🤖 AI Summary
Existing binaural audio generation models over-rely on room acoustics priors, leading to loss of spatial detail and limitations in volume/timbre controllability and azimuth estimation accuracy. This work addresses the monaural-to-binaural visual-guided generation task. We propose: (1) a novel audio-visual conditional normalization layer enabling cross-modal dynamic feature alignment; (2) contrastive learning with shuffled visual features to enhance sensitivity to subtle spatial disparities; and (3) a lightweight test-time video augmentation strategy to improve generalization. Our method is end-to-end trainable without explicit room parameter estimation. Evaluated on FAIR-Play and MUSIC-Stereo benchmarks, it achieves state-of-the-art performance, significantly improving spatial fidelity and audio-visual semantic consistency in generated binaural audio.
📝 Abstract
Binaural audio generation (BAG) aims to convert monaural audio to stereo audio using visual prompts, requiring a deep understanding of spatial and semantic information. However, current models risk overfitting to room environments and lose fine-grained spatial details.

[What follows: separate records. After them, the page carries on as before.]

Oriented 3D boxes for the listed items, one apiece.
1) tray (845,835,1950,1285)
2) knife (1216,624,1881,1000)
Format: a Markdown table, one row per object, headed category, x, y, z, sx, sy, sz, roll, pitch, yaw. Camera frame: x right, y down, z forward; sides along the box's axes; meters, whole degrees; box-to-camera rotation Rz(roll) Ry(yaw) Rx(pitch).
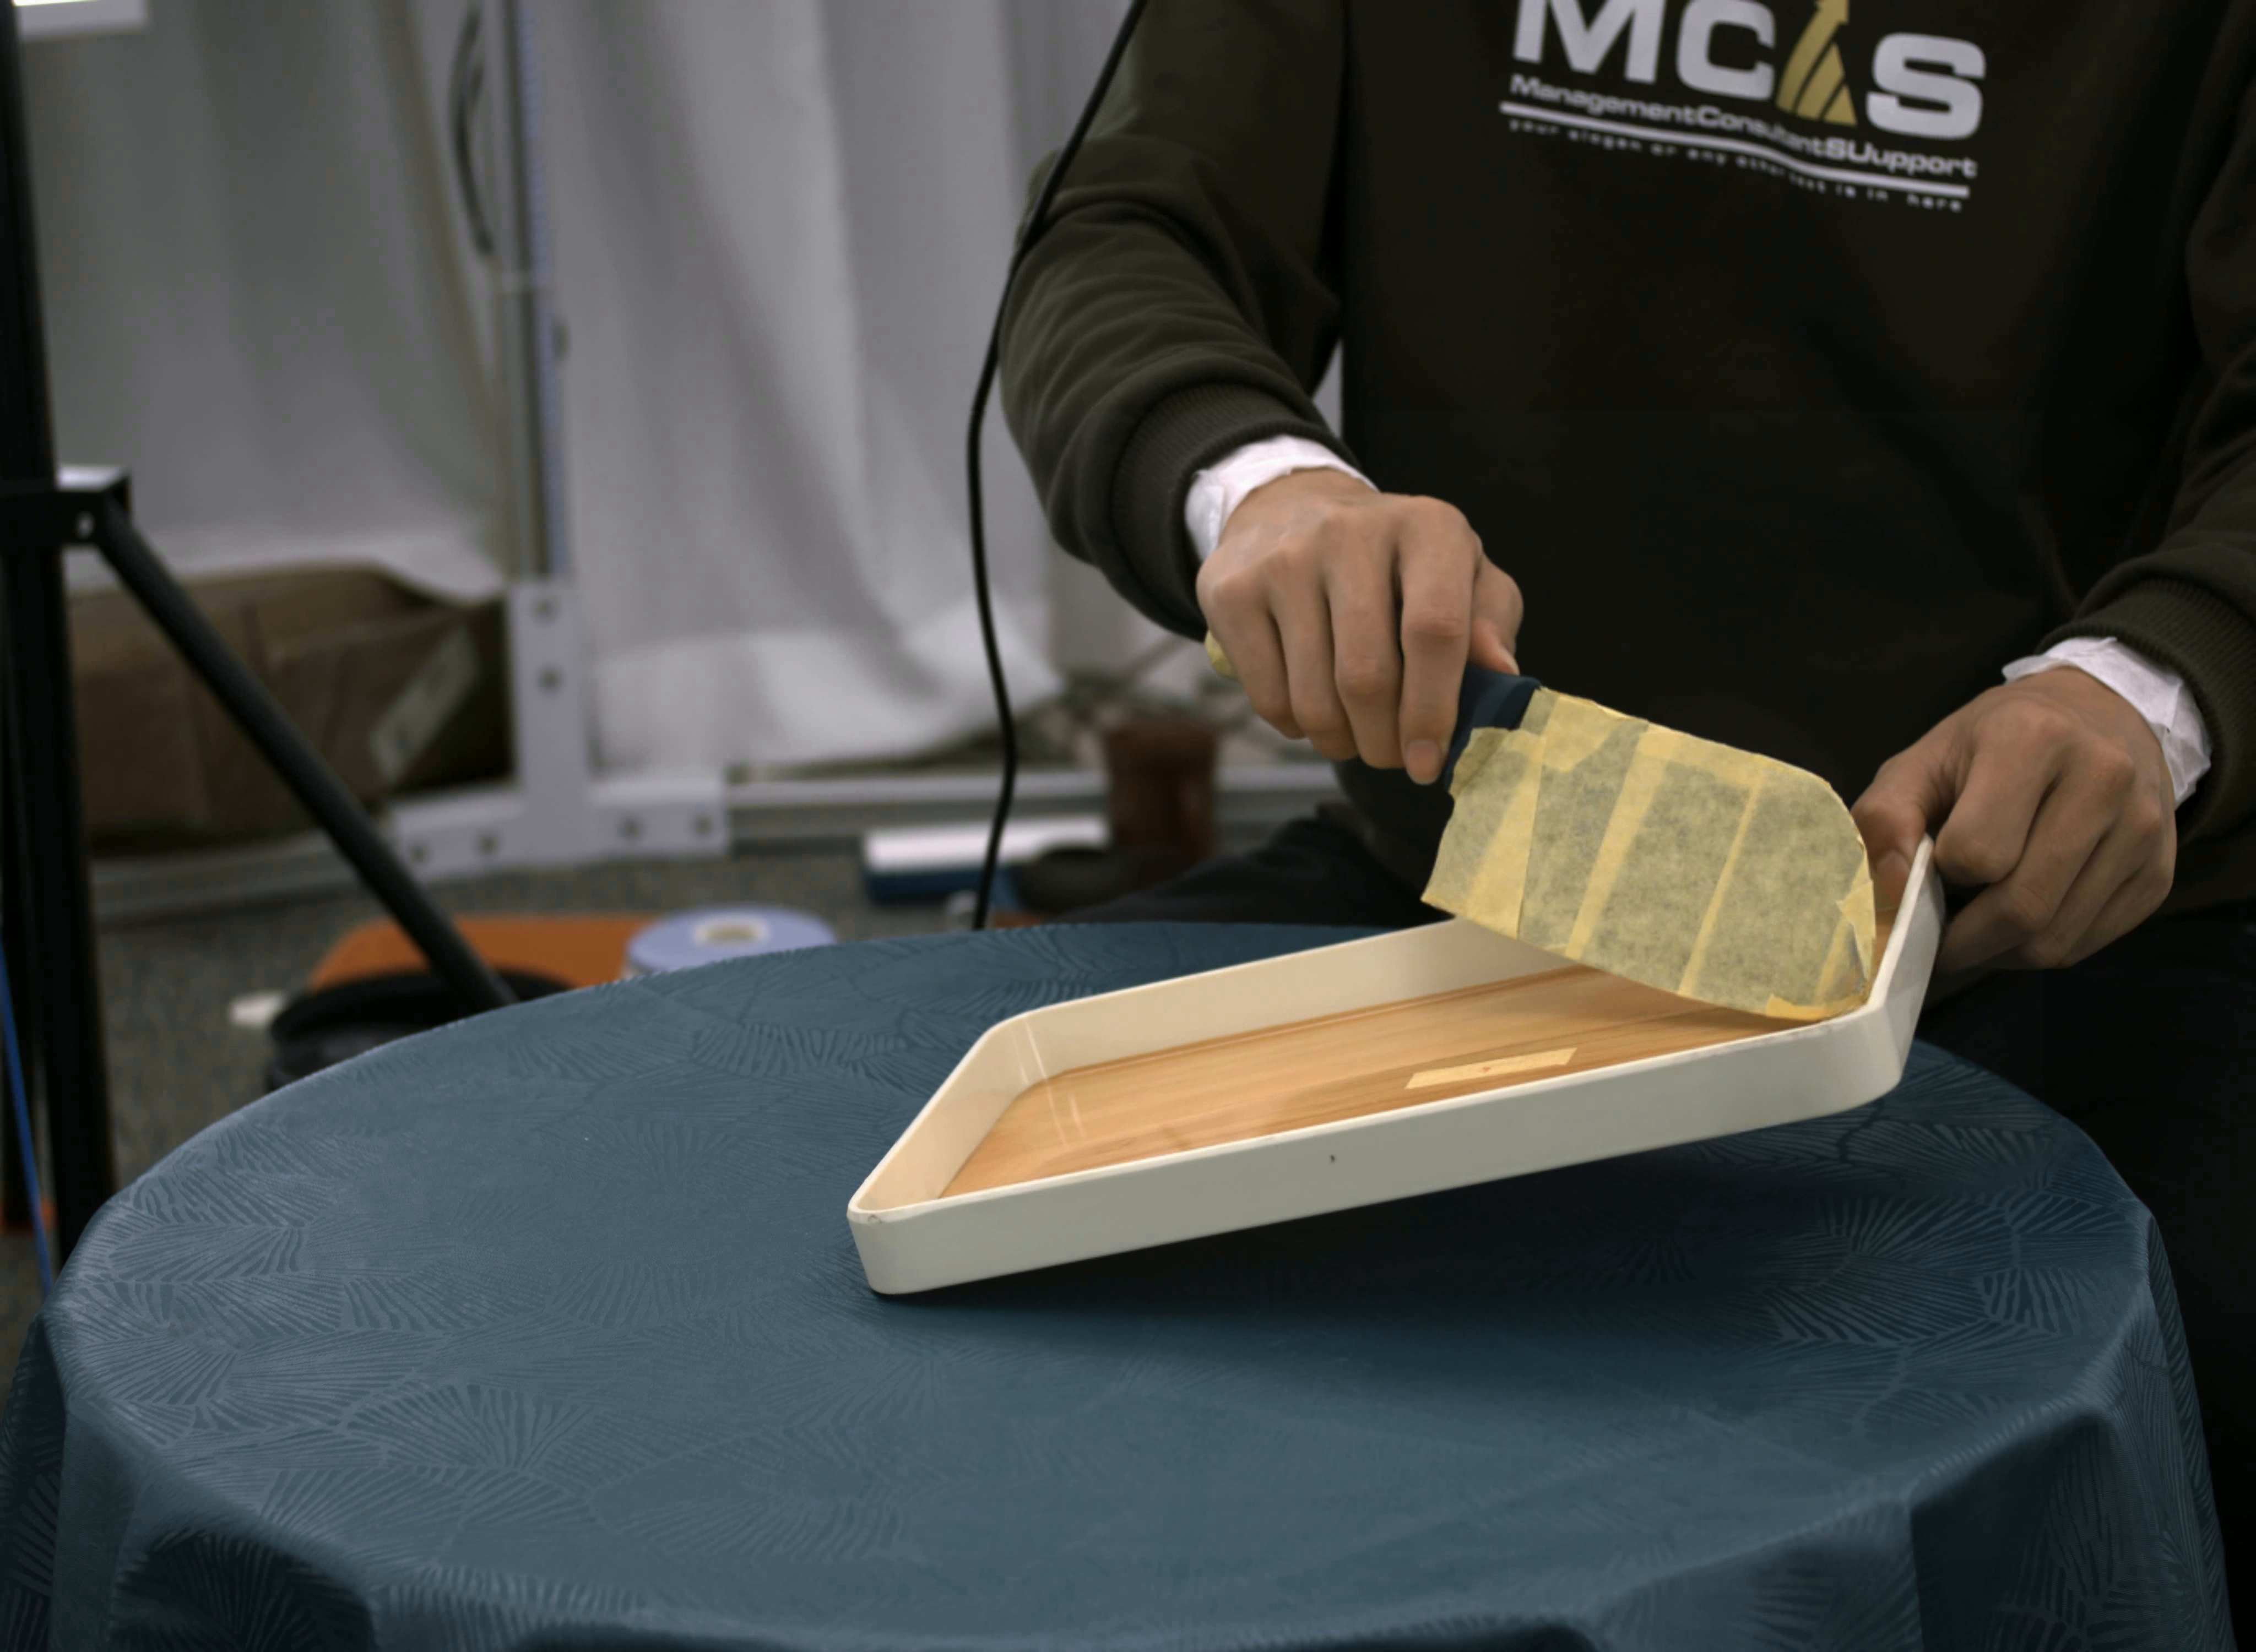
| category | x | y | z | sx | sy | sz | roll | pitch | yaw |
| --- | --- | --- | --- | --- | --- | --- | --- | --- | --- |
| tray | 0.081 | 0.067 | 1.520 | 0.303 | 0.027 | 0.190 | -12 | 12 | 18 |
| knife | 0.117 | -0.007 | 1.558 | 0.026 | 0.081 | 0.296 | 25 | -1 | -41 |

In this paper, we propose a new audio-visual binaural generation model incorporating an audio-visual conditional normalisation layer that dynamically aligns the mean and variance of the target difference audio features using visual context, along with a new contrastive learning method to enhance spatial sensitivity by mining negative samples from shuffled visual features. We also introduce a cost-efficient way to utilise test-time augmentation in video data to enhance performance. Our approach achieves state-of-the-art generation accuracy on the FAIR-Play and MUSIC-Stereo benchmarks.